On 24/3, RIBA Director, International Relations, Ian Pritchard (who is also Chairman of the ACE Trade in Services work group), joined the Director of the Architects Council of Europe, Adrian Joyce, at a meeting with Christophe Ramès, Trade Negotiator, Services & Investment, at the EU’s Trade Directorate (D-G Trade) in order that ACE and the Commission might up-date each other on talks with their Canadian counterparts.
The Canadian Trade Representative had produced a proposal for a generic Mutual Recognition Agreement (MRA) which could be used for any professional mutual recognition talks.
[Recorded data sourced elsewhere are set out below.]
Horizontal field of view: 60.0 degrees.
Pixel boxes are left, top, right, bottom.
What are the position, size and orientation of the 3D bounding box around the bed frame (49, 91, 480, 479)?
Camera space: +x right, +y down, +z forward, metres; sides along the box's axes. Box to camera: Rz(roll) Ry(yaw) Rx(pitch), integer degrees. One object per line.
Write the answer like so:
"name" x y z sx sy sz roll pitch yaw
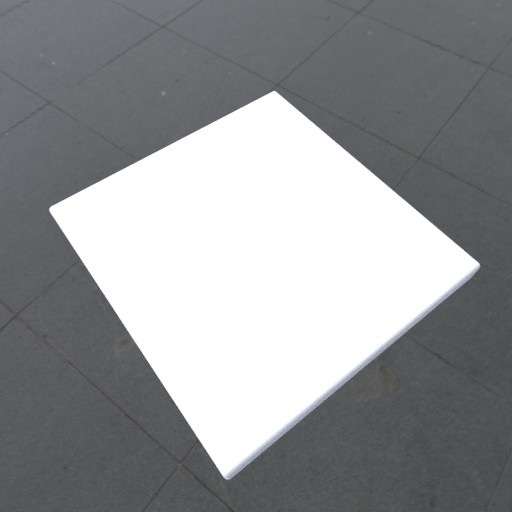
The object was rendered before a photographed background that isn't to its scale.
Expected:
"bed frame" 0.000 0.000 3.041 1.935 0.525 2.033 -33 65 -18
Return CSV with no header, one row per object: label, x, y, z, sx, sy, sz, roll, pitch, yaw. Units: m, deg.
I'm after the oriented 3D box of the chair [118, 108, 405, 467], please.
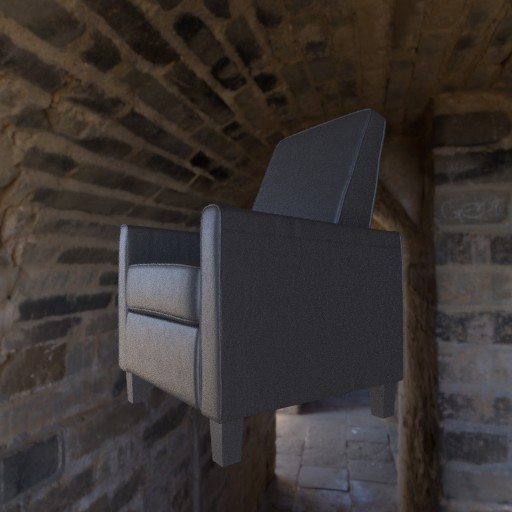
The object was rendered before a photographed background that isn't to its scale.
chair,0.000,0.000,1.501,0.746,1.013,0.705,1,-2,-36
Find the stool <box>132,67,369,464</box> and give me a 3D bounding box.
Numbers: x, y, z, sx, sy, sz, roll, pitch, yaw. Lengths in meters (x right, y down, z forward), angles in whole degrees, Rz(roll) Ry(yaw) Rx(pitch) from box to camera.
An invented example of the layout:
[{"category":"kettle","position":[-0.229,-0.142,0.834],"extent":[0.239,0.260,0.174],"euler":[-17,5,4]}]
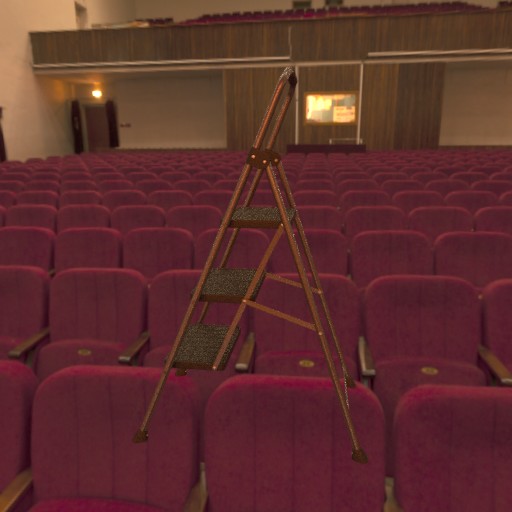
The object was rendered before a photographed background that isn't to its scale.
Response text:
[{"category":"stool","position":[0.000,0.000,1.448],"extent":[0.733,1.121,0.473],"euler":[2,13,8]}]
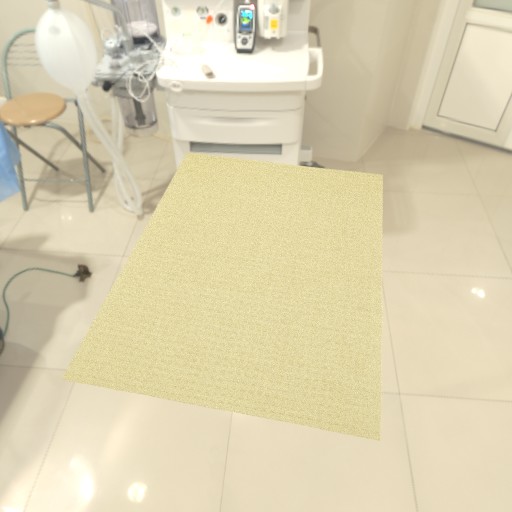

The generic text contained no surprises, being closely based on the “Guidelines for Mutual Recognition Agreements or arrangements in the Accountancy Sector” agreed and notified to the WTO’s Council for Trade in Services on 28 May 1997 – on which the ACE had also based its own generic MRA. So there will be no difficulty in adjusting the ACE draft to reflect even more closely that of the Canadian Trade Representative.
The Commission prefers a two-stage process including
• Framework – detailing purpose, scope, basic ingredients of the MRA;
• a set of Guidelines, for negotiation between the competent authorities (to be defined), which are meant to be indicative and non-binding
However, the Canadians appear to wish to ‘front load’ the agreement with more detailed provisions – though the Commission was concerned to avoid being ‘straight-jacketed’ into accepting rigid or unrealistic provisions.
Our discussion, with the Commission, focused mainly on how to make the agreement binding under international law, and how to avoid the inclusion of too much detail in the MRA. We suggested that one way to avoid this would be to make provision for some sort of Joint Oversight Committee – at professional level – to deal with issues relating to the notification of new or changing diplomas, administrative procedures for exchange of data etc.
We also exchange background information on the composition and status of ACE and its Canadian interlocutors, the Canadian Architectural Licensing Authority (CALA), to explain how mutual recognition in the field of architectural services works in both jurisdictions and how the profession is governed in the EU (various models) and Canada (single model).
We identified the need for some sort of compensatory mechanism (given there will be differences in the scope of training – and scope of services provided by professionals). It was noted that the mechanism could be expressed either in terms of
• a number of years of additional post-license experience – or
• provision of a temporary license, to be supplemented by a requirement to undertake a prescribed number of hours of study in order to develop a knowledge of local building laws.
Finally, it was stressed that while the identified Parties are empowered to negotiate, they cannot themselves bind their members. Each EU Competent Authority, and each Canadian Provincial licensing body, would need to subsequently ratify any agreement. That said, if the negotiating parties have consulted properly during the talks, ratification ought to be a formality.
Next steps: ACE agreed to produce a revised draft agreement by mid-March for consideration by the Commission during the second half of March, following this ACE would issue to CALA, for the next round of talks and the Commission would share with the Canadian Trade Representative at the next round of EU-Canada talks in mid-April.
Meanwhile, the Quebec Government Office in Brussels, the European Services Forum and the Architects Council of Europe are holding a seminar on mutual recognition of professional qualifications between Canada and the European Union, in Brussels on 20 March.